To test BRAIN, HP compared it to existing ways of forecasting memory prices--a key figure since memory represents up to 10 percent of the cost of a computer and HP spends billions of dollars on it a year. Instead of a 4 percent error rate for the existing method of forecasting DDR and DDR2 512MB memory prices, the prediction market had a 2.5 percent error rate, or a 37 percent improvement. A second trial to forecast HP Services operating profits yielded similar results.
"We are able to pay real cash money to people without running afoul" of the Commodity Futures Trading Commission said HP's Leslie Fine, because the betting market gives participants only rewards and does not let them lose money.
Yahoo: David Pennock, a principal research scientist at Yahoo Research, said the company has created a currency called a Yootle. It's described as a "scorekeeping system for favors owed."
Pennock offered as an example a programmer offering to write a piece of code for a few Yootles. Or, when organizing a dinner outing, one employee could use an internal SMS tool to bid 2 Yootles for Italian and 4 Yootles for Mexican. "If you don't get to go to the restaurant you want to, you get compensation" in Yootles, he said.
Related to Yootles is Yahoo Research's experiment with a fantasy prediction market for technology called the Tech Buzz Game. It's a modified version of software licensed from NewsFutures in conjunction with O'Reilly Media and features topics like Atlantic hurricanes and portable media devices. Winners are those who predict how popular a topic will be on Yahoo Search.
Microsoft: When Todd Proebsting, director of Microsoft's Center for Software Excellence, tested a prediction market internally, managers quickly gave it their blessing.
The goal: to have 25 members of a development team predict when a Microsoft product would ship (this was an internal product, not one sold externally). The prediction market was set up in August 2004, and the product that "had been in the works for a long time" was scheduled to ship in November 2004. Each "trader" received $50 in their account to start with, and was told that the more accurate their prediction, the more money they would make. The market opened with an initial price of on-time delivery set to 16 2/3 cents.
"The price of 'before November' dropped to zero right away," Proebsting said. "The price of 'on time' in about two to three minutes dropped to 2.3 cents on the dollar." Translated, that's more than 30-to-1 odds against on-time delivery.

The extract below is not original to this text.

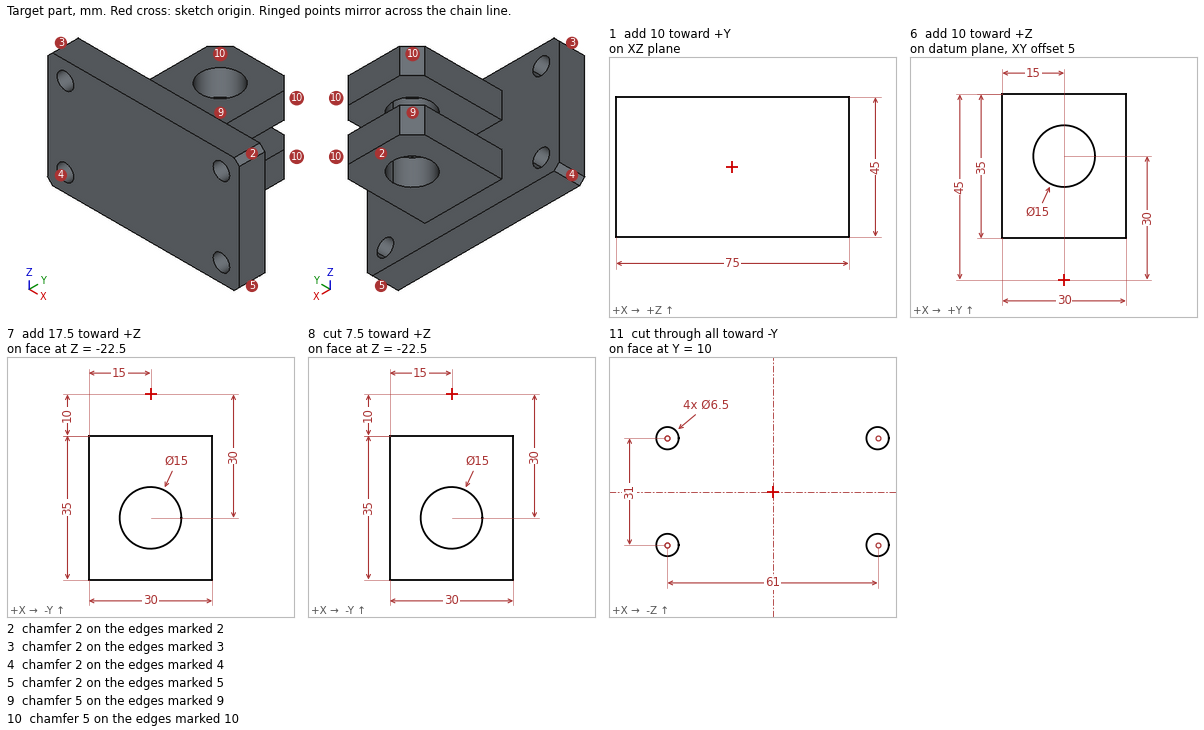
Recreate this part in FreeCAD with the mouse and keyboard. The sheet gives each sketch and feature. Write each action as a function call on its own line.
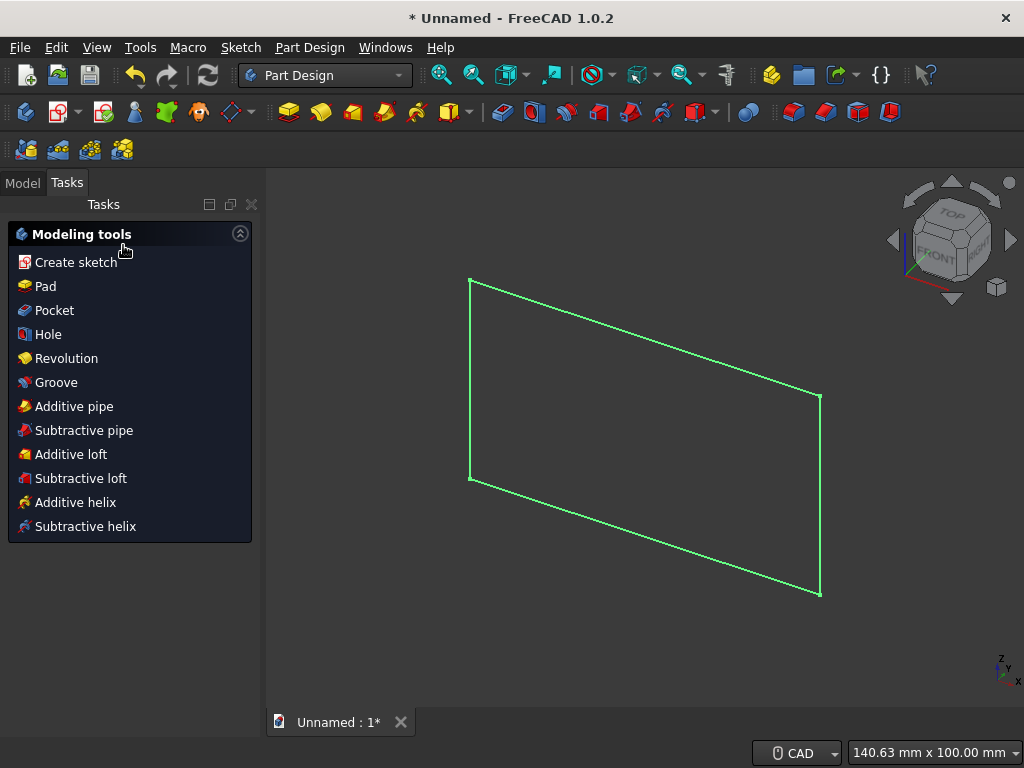
click(290, 112)

Then the woman who was responsible for scheduling started trying to convince her colleagues who were buying and selling future delivery dates. "She was able to talk (on-time delivery) up to around 3 cents," Proebsting said. "People really enjoyed moving the price...They loved this."
"The next day the director comes into my office and said, 'What have you done?'" Proebsting said. But further investigation showed that the product actually was behind schedule, even though nobody was telling management, and it eventually shipped in February.

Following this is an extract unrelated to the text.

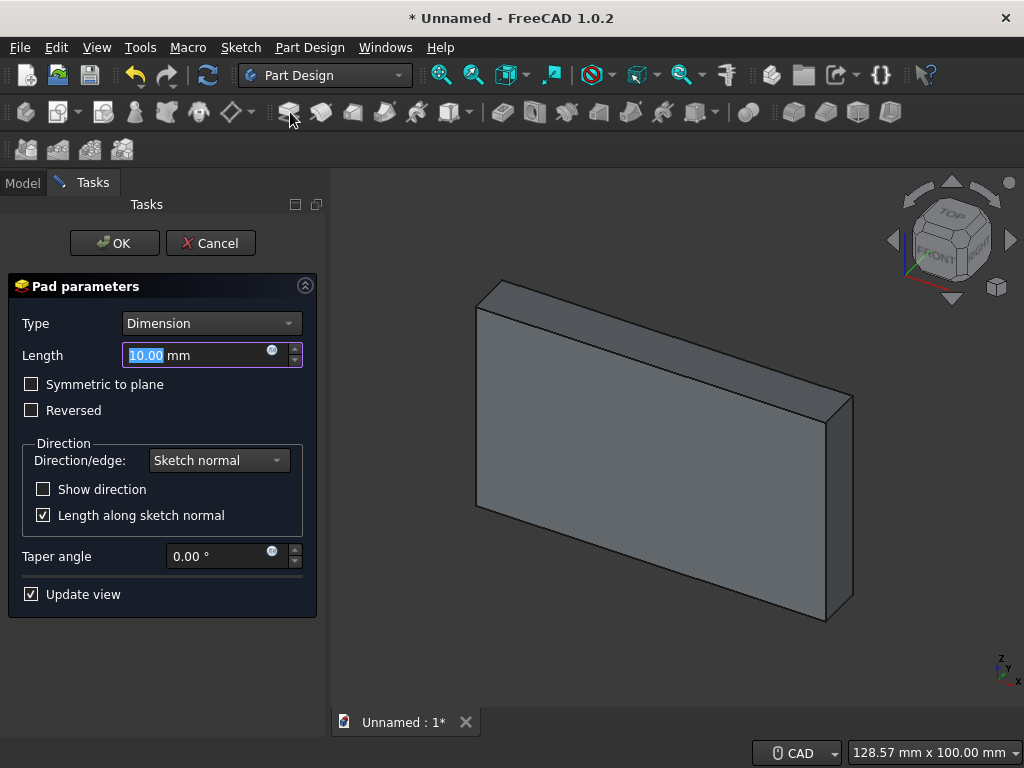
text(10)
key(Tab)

Policy analysis markets: Chris Hibbert is an inventor and programmer who's writing open-source software to build a prediction market. It's called Zocalo.
Prediction software should work with play money, real money and an internal corporate currency that might be reputation-based, Hibbert said.
Most existing prediction markets like the Hollywood Stock Exchange and Tradesports.com focus too much on topics like sports and movie success, when policy and political questions can be more interesting, Hibbert said.
Robin Hanson, an associate professor of economics at George Mason University, is the closest that prediction markets have to a founding father. But he became a politically controversial one when his idea of a policy analysis market that could, for instance, help to predict terrorist attacks was savaged by Democratic senators eager to take a swipe at the Republican administration that funded it.
"The example that you provide in your report would let participants gamble on the question, 'Will terrorists attack Israel with bioweapons in the next year?'" Sens. Ron Wyden, D-Ore., and Byron Dorgan, D-N.D., wrote to the Defense Advanced Research Projects Agency in 2003. "Surely, such a threat should be met with intelligence gathering of the highest quality--not by putting the question to individuals betting on an Internet Web site."
On Wednesday, Hanson quipped that the flap wasn't the publicity "we would have asked for in starting an industry." A paper he wrote, though, showed that more informed journalists and more recent news articles were more likely to give a positive impression of policy analysis markets.
Hanson said that conditional probabilities were worthy of more experimentation: If a company switched ad agencies, would it increase revenue? If the U.S. provides cash subsidies to Jordan, will that nation have a better economy or a worse one?
"The market is telling you the consequences of your actions," Hanson said. "If you do this, what are the consequences?"